▸ **TASK**
Leave the pictures aside. Retype exactly the lines from the top of the data below through the one holding "service<fcel>Industrial<fcel>Total retail sales<fcel>Wholesale".

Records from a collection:

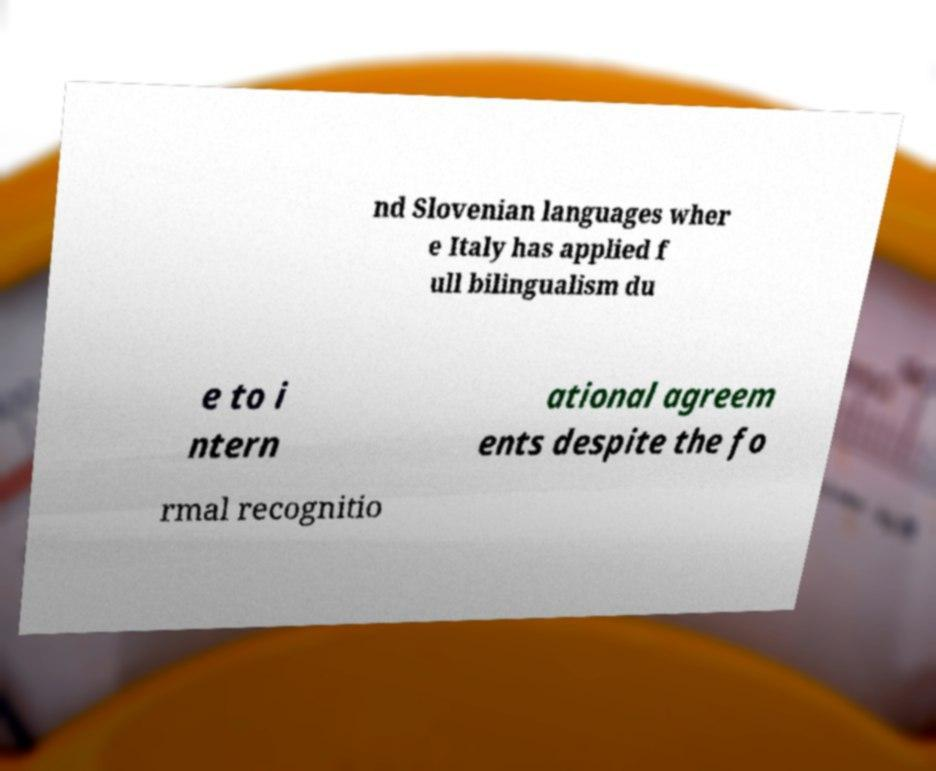I need the written content from this picture converted into text. Can you do that? nd Slovenian languages wher e Italy has applied f ull bilingualism du e to i ntern ational agreem ents despite the fo rmal recognitio 
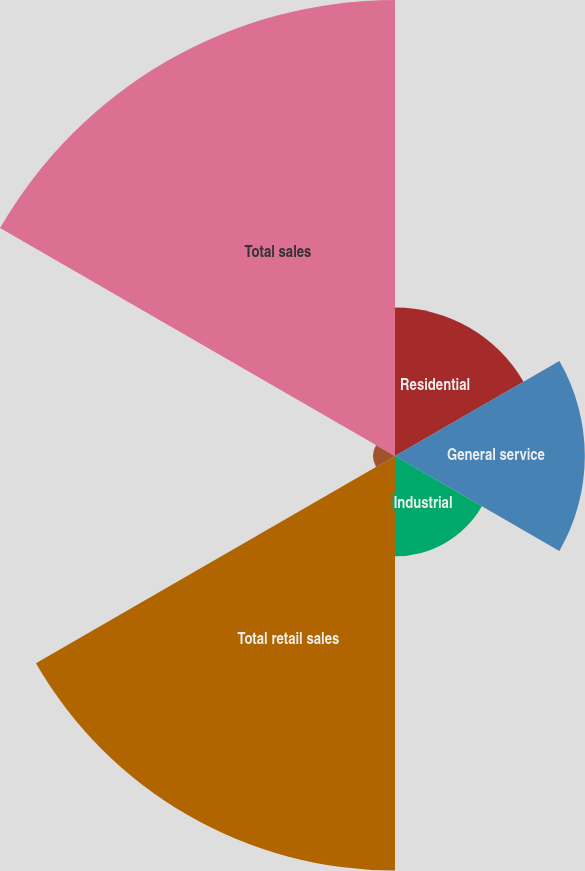Convert chart to OTSL. <chart><loc_0><loc_0><loc_500><loc_500><pie_chart><fcel>Residential<fcel>General service<fcel>Industrial<fcel>Total retail sales<fcel>Wholesale and other sales<fcel>Total sales<nl><fcel>11.15%<fcel>14.26%<fcel>7.54%<fcel>31.15%<fcel>1.64%<fcel>34.26%<nl></chart> 
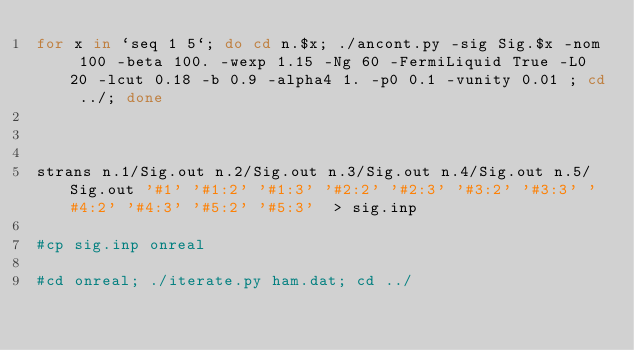Convert code to text. <code><loc_0><loc_0><loc_500><loc_500><_Bash_>for x in `seq 1 5`; do cd n.$x; ./ancont.py -sig Sig.$x -nom 100 -beta 100. -wexp 1.15 -Ng 60 -FermiLiquid True -L0 20 -lcut 0.18 -b 0.9 -alpha4 1. -p0 0.1 -vunity 0.01 ; cd ../; done



strans n.1/Sig.out n.2/Sig.out n.3/Sig.out n.4/Sig.out n.5/Sig.out '#1' '#1:2' '#1:3' '#2:2' '#2:3' '#3:2' '#3:3' '#4:2' '#4:3' '#5:2' '#5:3'  > sig.inp

#cp sig.inp onreal

#cd onreal; ./iterate.py ham.dat; cd ../
</code> 
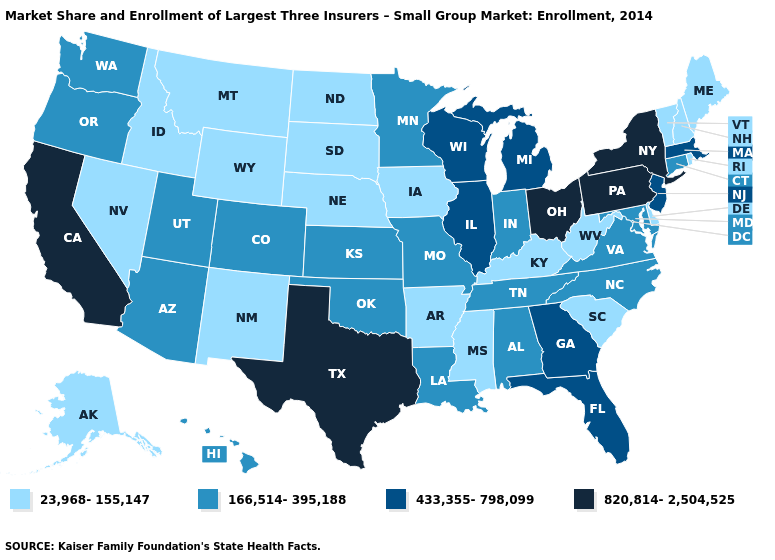Among the states that border South Carolina , which have the highest value?
Concise answer only. Georgia. Name the states that have a value in the range 433,355-798,099?
Quick response, please. Florida, Georgia, Illinois, Massachusetts, Michigan, New Jersey, Wisconsin. What is the value of Louisiana?
Be succinct. 166,514-395,188. Does the map have missing data?
Be succinct. No. Among the states that border Tennessee , which have the highest value?
Keep it brief. Georgia. What is the value of South Dakota?
Short answer required. 23,968-155,147. Does Colorado have the lowest value in the West?
Short answer required. No. Does South Dakota have the lowest value in the MidWest?
Write a very short answer. Yes. Does Colorado have a higher value than Vermont?
Short answer required. Yes. What is the value of Hawaii?
Quick response, please. 166,514-395,188. Which states have the lowest value in the Northeast?
Concise answer only. Maine, New Hampshire, Rhode Island, Vermont. Which states hav the highest value in the Northeast?
Answer briefly. New York, Pennsylvania. Among the states that border Delaware , which have the highest value?
Quick response, please. Pennsylvania. What is the value of North Carolina?
Concise answer only. 166,514-395,188. Does Colorado have the highest value in the West?
Be succinct. No. 
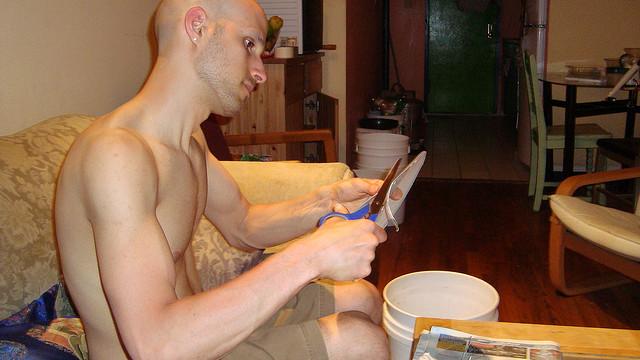What kind of decor is on the arm of the couch?
Keep it brief. Pillow. Is the guy a sheep shearer?
Quick response, please. No. What receptacle is next to the man's leg?
Write a very short answer. Bucket. What is he doing?
Write a very short answer. Cutting paper. Is he wearing a shirt?
Short answer required. No. 
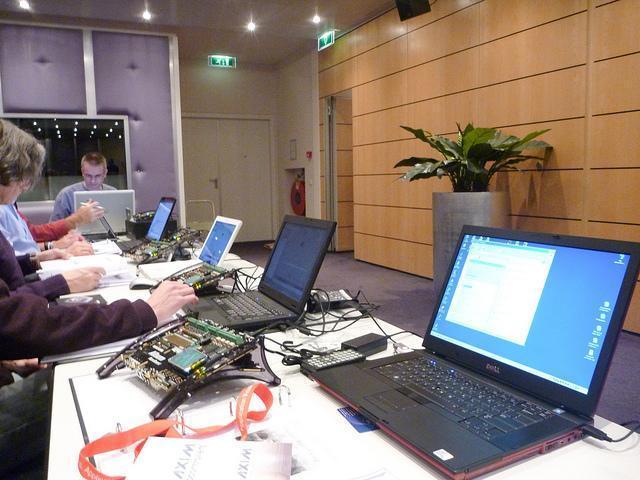How many laptops are there?
Give a very brief answer. 5. 
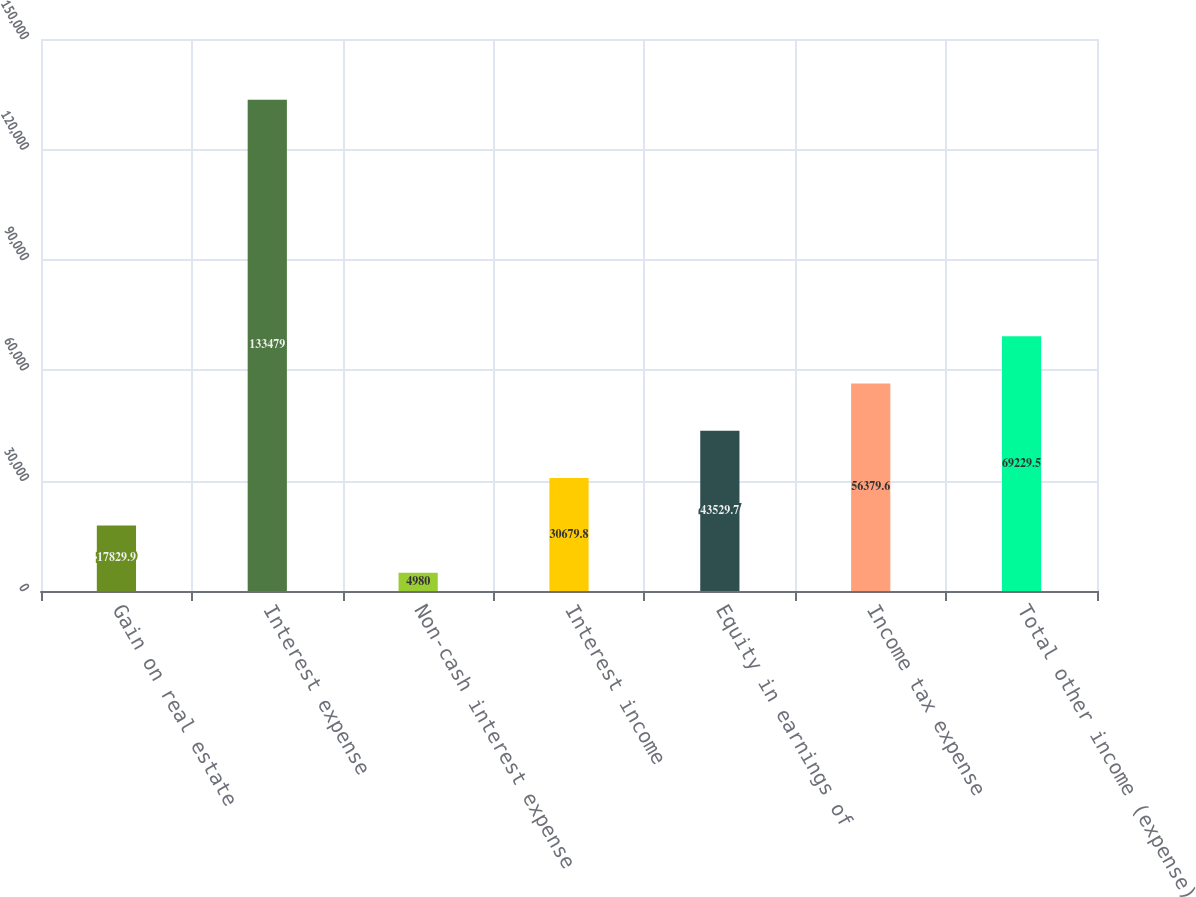Convert chart. <chart><loc_0><loc_0><loc_500><loc_500><bar_chart><fcel>Gain on real estate<fcel>Interest expense<fcel>Non-cash interest expense<fcel>Interest income<fcel>Equity in earnings of<fcel>Income tax expense<fcel>Total other income (expense)<nl><fcel>17829.9<fcel>133479<fcel>4980<fcel>30679.8<fcel>43529.7<fcel>56379.6<fcel>69229.5<nl></chart> 
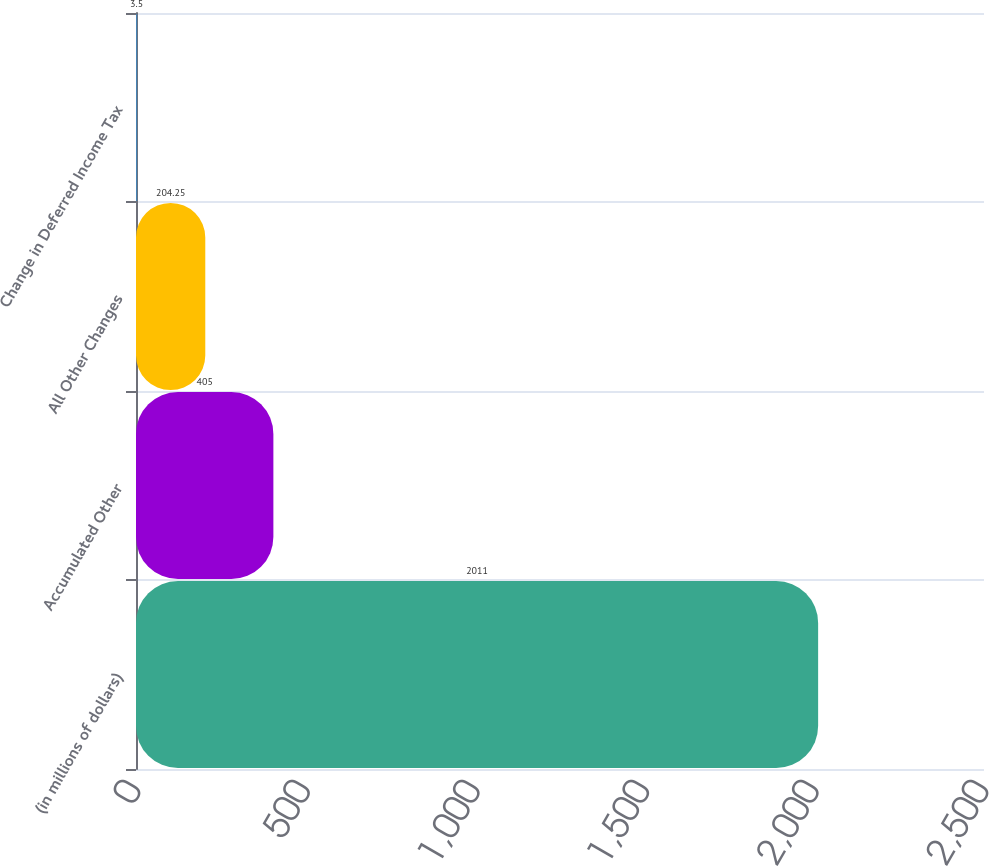<chart> <loc_0><loc_0><loc_500><loc_500><bar_chart><fcel>(in millions of dollars)<fcel>Accumulated Other<fcel>All Other Changes<fcel>Change in Deferred Income Tax<nl><fcel>2011<fcel>405<fcel>204.25<fcel>3.5<nl></chart> 
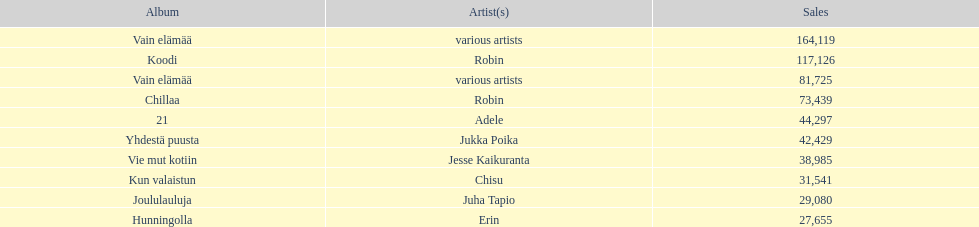What is the number of albums that sold over 50,000 copies this year? 4. 
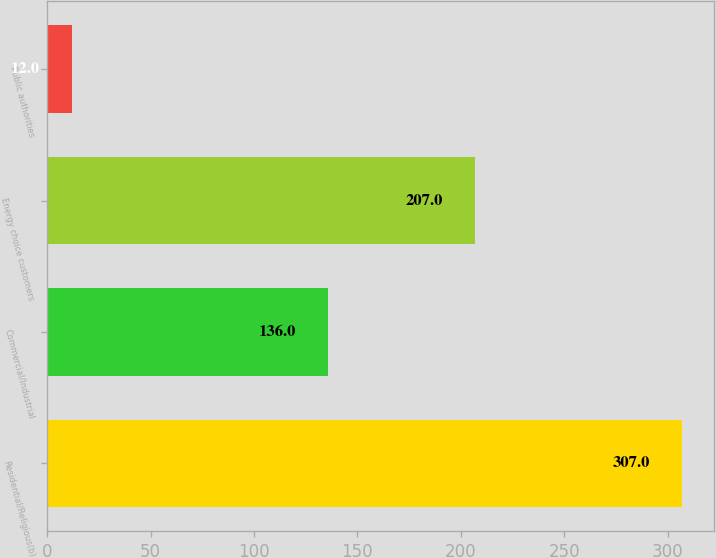Convert chart to OTSL. <chart><loc_0><loc_0><loc_500><loc_500><bar_chart><fcel>Residential/Religious(b)<fcel>Commercial/Industrial<fcel>Energy choice customers<fcel>Public authorities<nl><fcel>307<fcel>136<fcel>207<fcel>12<nl></chart> 
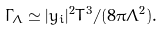<formula> <loc_0><loc_0><loc_500><loc_500>\Gamma _ { \Lambda } \simeq | y _ { i } | ^ { 2 } T ^ { 3 } / ( 8 \pi \Lambda ^ { 2 } ) .</formula> 
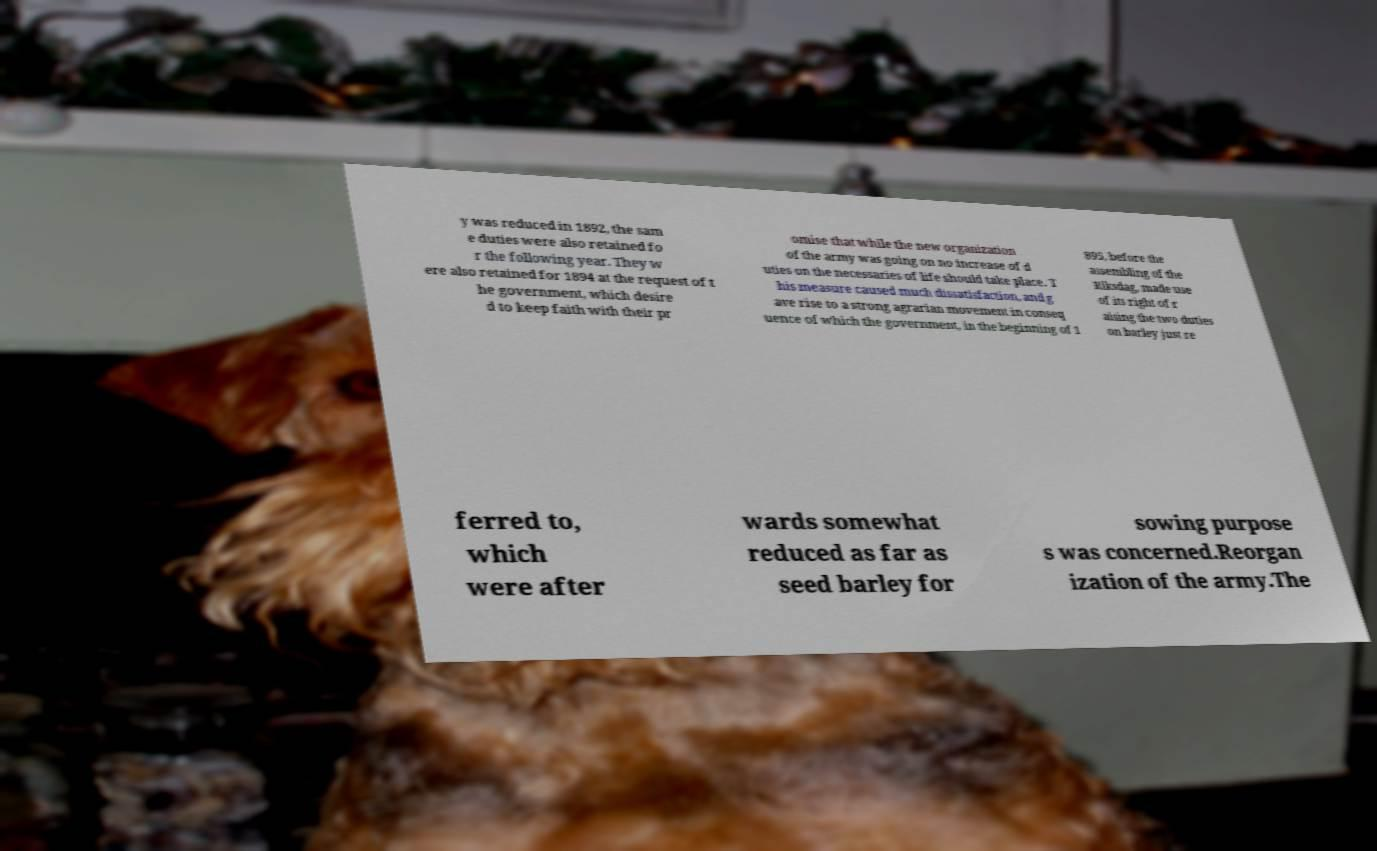Please read and relay the text visible in this image. What does it say? y was reduced in 1892, the sam e duties were also retained fo r the following year. They w ere also retained for 1894 at the request of t he government, which desire d to keep faith with their pr omise that while the new organization of the army was going on no increase of d uties on the necessaries of life should take place. T his measure caused much dissatisfaction, and g ave rise to a strong agrarian movement in conseq uence of which the government, in the beginning of 1 895, before the assembling of the Riksdag, made use of its right of r aising the two duties on barley just re ferred to, which were after wards somewhat reduced as far as seed barley for sowing purpose s was concerned.Reorgan ization of the army.The

▸ **RESPONSE TO THIS TASK**
I need the written content from this picture converted into text. Can you do that? nd Slovenian languages wher e Italy has applied f ull bilingualism du e to i ntern ational agreem ents despite the fo rmal recognitio 
Convert chart to OTSL. <chart><loc_0><loc_0><loc_500><loc_500><pie_chart><fcel>Residential<fcel>General service<fcel>Industrial<fcel>Total retail sales<fcel>Wholesale and other sales<fcel>Total sales<nl><fcel>11.15%<fcel>14.26%<fcel>7.54%<fcel>31.15%<fcel>1.64%<fcel>34.26%<nl></chart> 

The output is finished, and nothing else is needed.